Hmmmm well that’s really tough! FIRST OF ALL to quote @monstersinthecosmos on a similar post:
Dude! Just write some stuff. 😀 😀 This is a teeny little sleepy fandom and it is so thirsty for more content, just do it! You can do it! We all want you to write fic!!!!!!
…Fanfiction is awesome to flex your writing muscles a bit and get some practice in, and it’s helpful because it invites attention and feedback. It’s also easy to apply flash fiction or drabbles to fanfic because we don’t need exposition and backstory. Like, yeah! WE GET IT, WE KNOW! Quit dicking around and just jump into the story, we already want it! This is so valuable when it comes to just getting WRITING done and you really don’t even need a plot. You can elaborate on the teeniest mental images, headcanons, goofy or angsty situations, and that’s all it has to be! No one expects it to win a Pulitzer, it’s okay if it isn’t perfect!
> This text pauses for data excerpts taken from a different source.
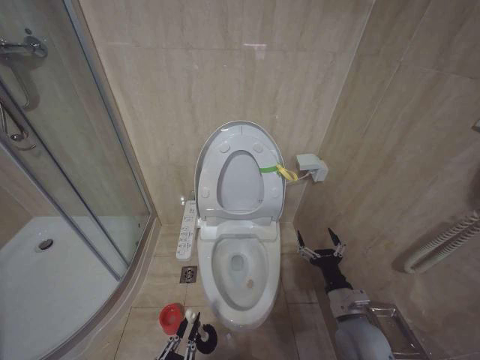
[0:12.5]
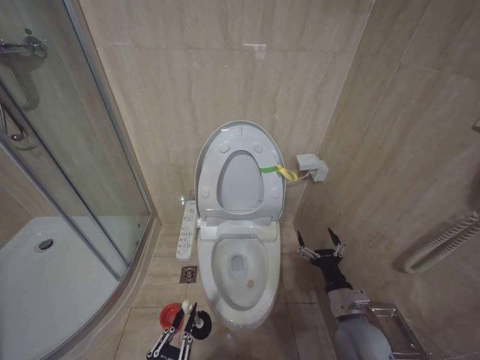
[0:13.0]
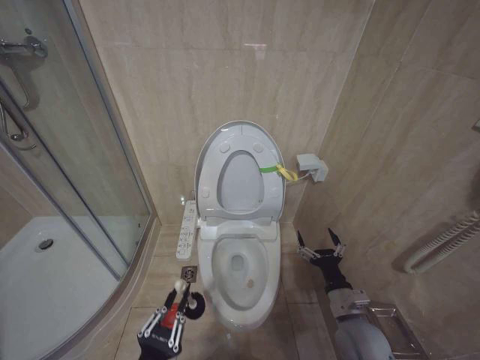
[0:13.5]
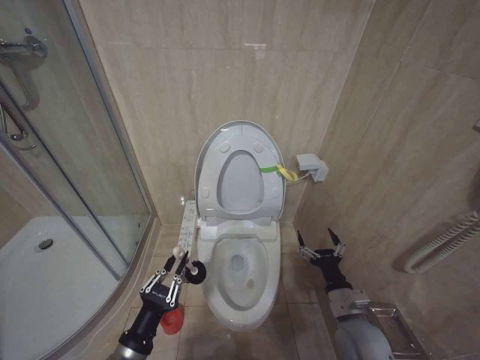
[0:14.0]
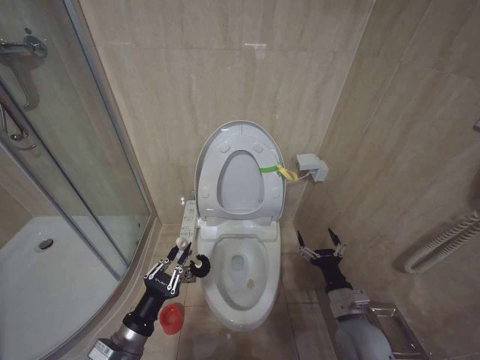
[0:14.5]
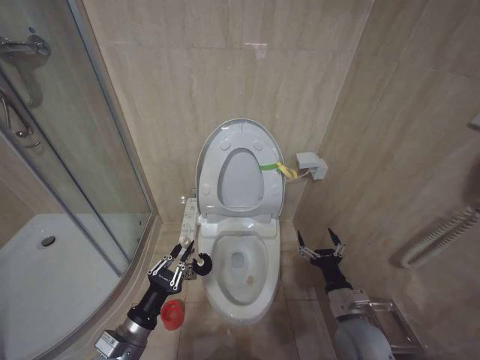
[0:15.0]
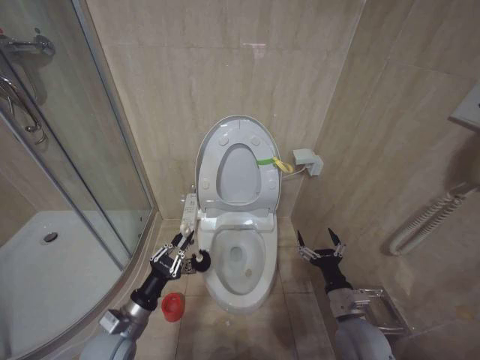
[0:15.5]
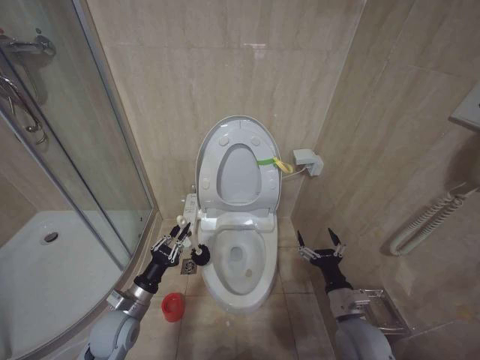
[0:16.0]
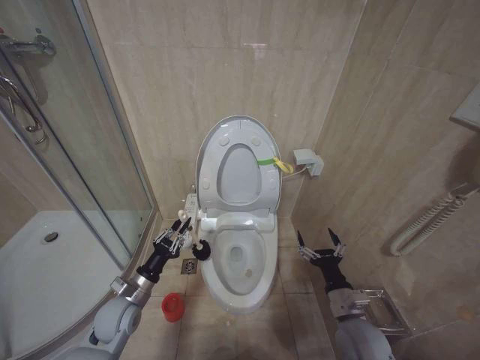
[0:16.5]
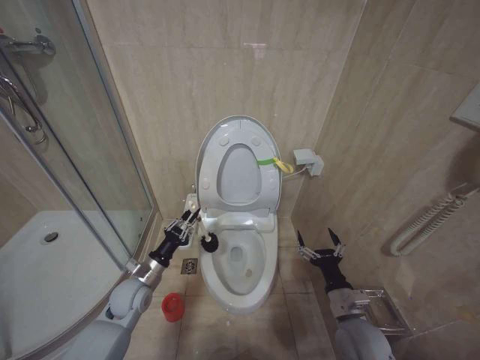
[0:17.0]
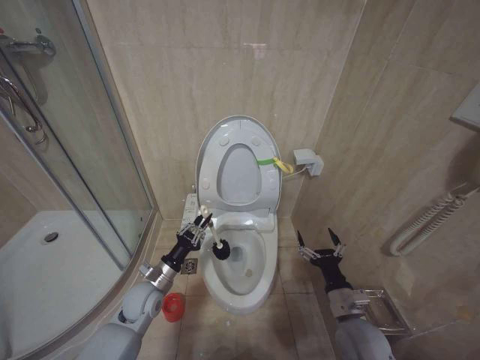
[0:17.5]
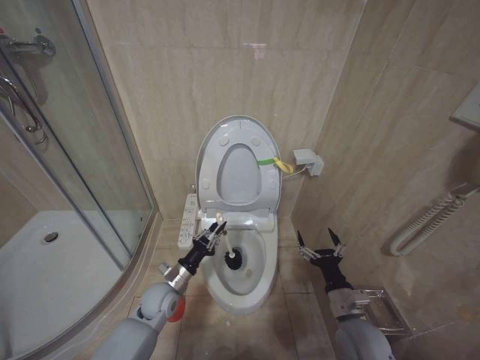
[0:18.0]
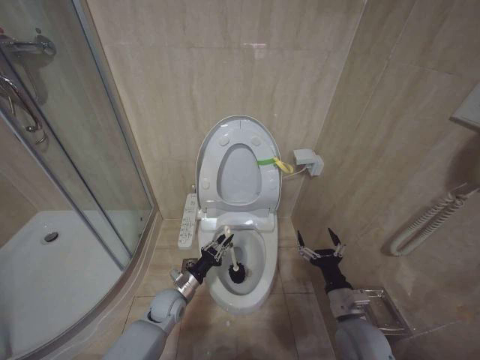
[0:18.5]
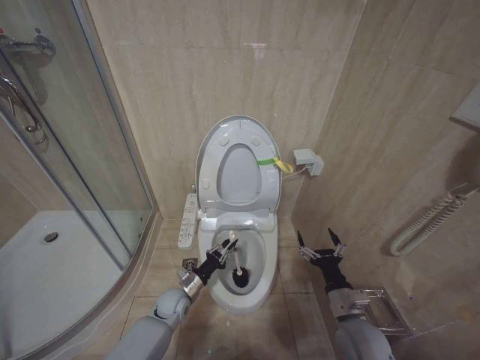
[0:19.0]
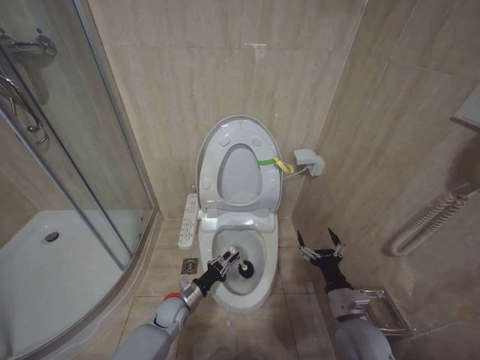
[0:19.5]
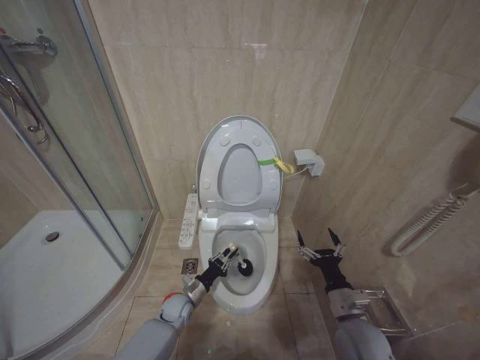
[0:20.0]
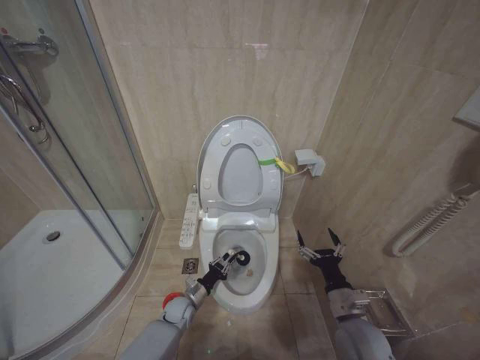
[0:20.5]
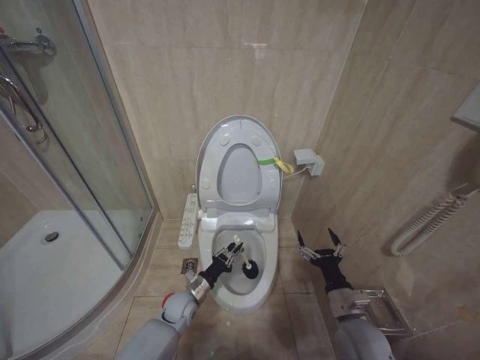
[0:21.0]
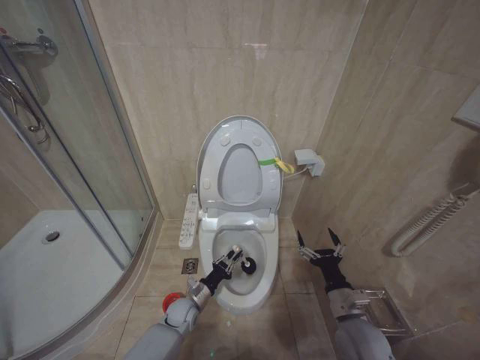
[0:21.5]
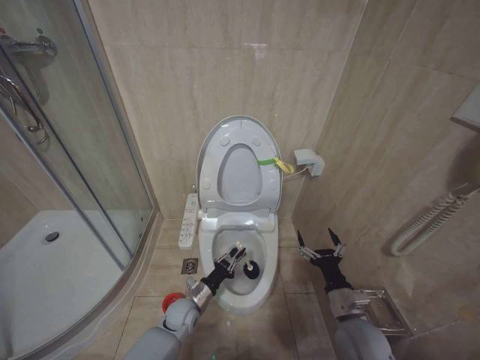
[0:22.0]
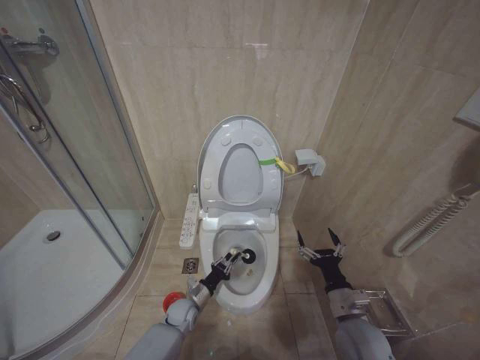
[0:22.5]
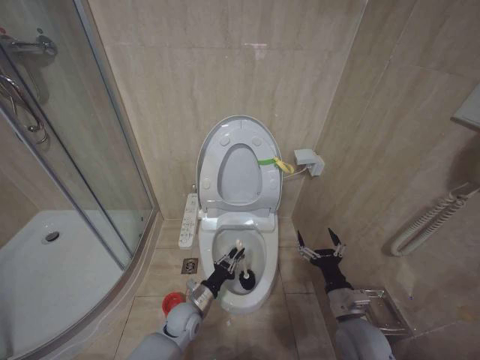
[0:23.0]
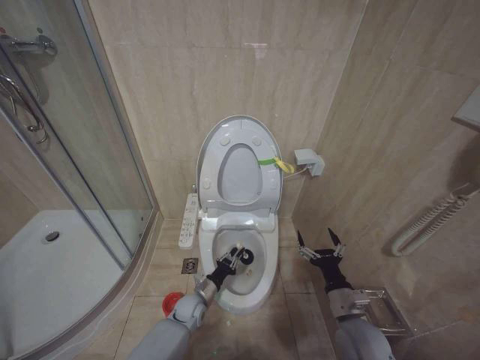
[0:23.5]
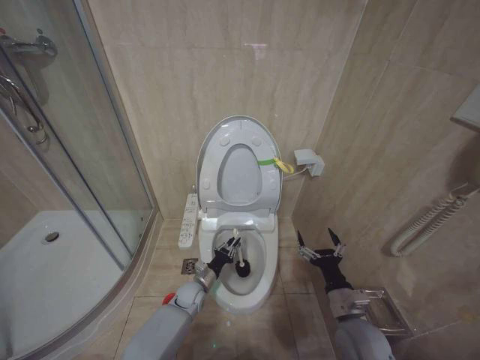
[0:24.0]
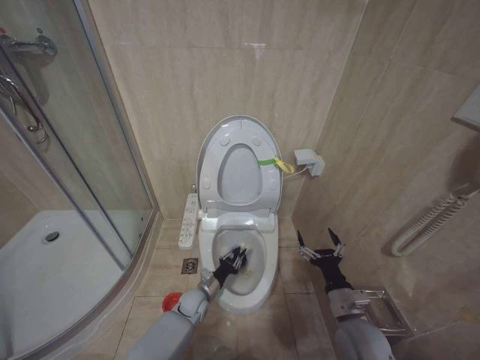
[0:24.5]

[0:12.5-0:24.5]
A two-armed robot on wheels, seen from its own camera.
Task of the whole recording: Open the toilet lid, clean the toilet bowl with a toilet brush, close the toilet lid, and flush.
0:12.5 to 0:14.5: The left gripper shifts roughly 15 cm forward, upward and to the left.
0:14.5 to 0:16.5: The left gripper heads forward, covering some 15 cm.
0:16.5 to 0:18.5: The left gripper goes some 15 cm to the right, downward and forward.
0:18.5 to 0:20.5: The left gripper heads downward, covering about 10 cm.
0:22.5 to 0:24.5: The left gripper moves up and down over approximately 10 cm, changing direction 3 times.

In fact!!!!!!!!!! It shouldn’t be perfect! And you are not going to get better if you do not start somewhere!
I still get really nervous when I post fics and I doubt my abilities BASICALLY CONSTANTLY ALL THE TIME LOL but good and bad feedback are imperative to honing your craft and learning your strengths and finding things to fix. PLUS LIKE, it can really help to motivate you if you get some people on your side who like what you’re doing! Like I am consistently sappy and overwhelmed by the response to my fics and it’s what keeps me writing. 🙂 🙂 🙂 🙂
Anyway idk man, here’s an ungraceful dismount to my post lmfao but, listen!
Write! Do it! Share it with us we are thirsty.
^*APPLAUDS* Rules are made to be broken. Write the way you want! I had a teacher who told me that to begin a sentence with “And” was blasphemy, illegal. punishable by DEATH practically, but I know Anne Rice does it OFTEN, in published fiction, so that teacher was wrong. Maybe she was just trying to start us off with the rules so we could then break them. Probably that.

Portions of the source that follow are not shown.